In the lead up to the Amsterdam Summit in June 1997, it appeared likely that tax harmonization would be included in the action plan aimed at completing the Single Market by January 1999, to be approved by the Amsterdam Summit. However, with the election of Mr Jospin as Prime Minister of France on a platform which emphasized the need to protect national sovereignty in the face of European integration, the political will swung away from harmonization, and even in some respects away from EMU.
In the coming months we will have to watch whether EMU will begin on time and, if so, whether the resulting market forces will create a push for further harmonization in areas such as tax and labour laws.

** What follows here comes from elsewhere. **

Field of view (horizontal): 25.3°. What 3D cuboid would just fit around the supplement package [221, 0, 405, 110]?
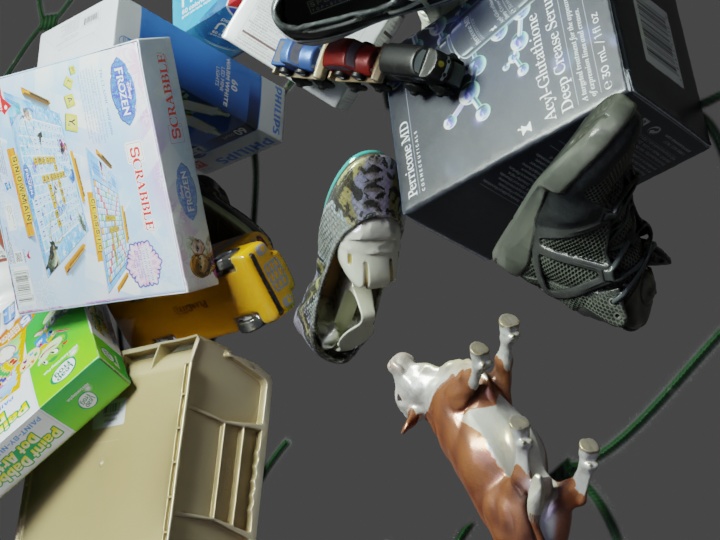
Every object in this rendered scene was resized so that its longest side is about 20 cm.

Mr de Silguy, the EU Monetary Affairs Commissioner, seems right to suggest that the states involved in the future EMU will inevitably move towards greater fiscal harmonization after the introduction of EMU in January 1999 in order to assure the single currency’s stability. If this proves correct, then states not involved in EMU may also find themselves compelled to follow suit and agree to further harmonization.
Although patience and perseverance will be required, much hope remains that EMU will evoke the requisite political will to harmonize tax and other laws, thereby eliminating the most significant national barriers now preventing NPOs from participating freely in the Single Market.
Bradley Gallop is an Associate Attorney-at-Law at the leading Brussels law firm Loeff Claeys Verbeke and a European Commission Expert on Social Economy Law.
The EC Communication
On 4 June 1997 the European Commission adopted the long-awaited paper on associations and foundations in the form of a Communication on Voluntary Organizations and Foundations. The primary purpose of the Communication is to raise consciousness and understanding of the association and foundation sector among policy-makers.
The Communication describes the legal and fiscal environment of non-profit organizations and foundations in the different Member States, the range of activities they carry out and their economic importance, as well as their contribution to solving social and economic problems. It illustrates the growing importance of the sector in Europe, but also the challenges and problems it currently faces, in particular in developing its transnational European work. Finally, the Communication proposes a series of specific measures at a European level as well as at Member State level, with a view to strengthening the development of the sector in Europe and improving its capacity to meet future needs and maximize its contribution to European integration.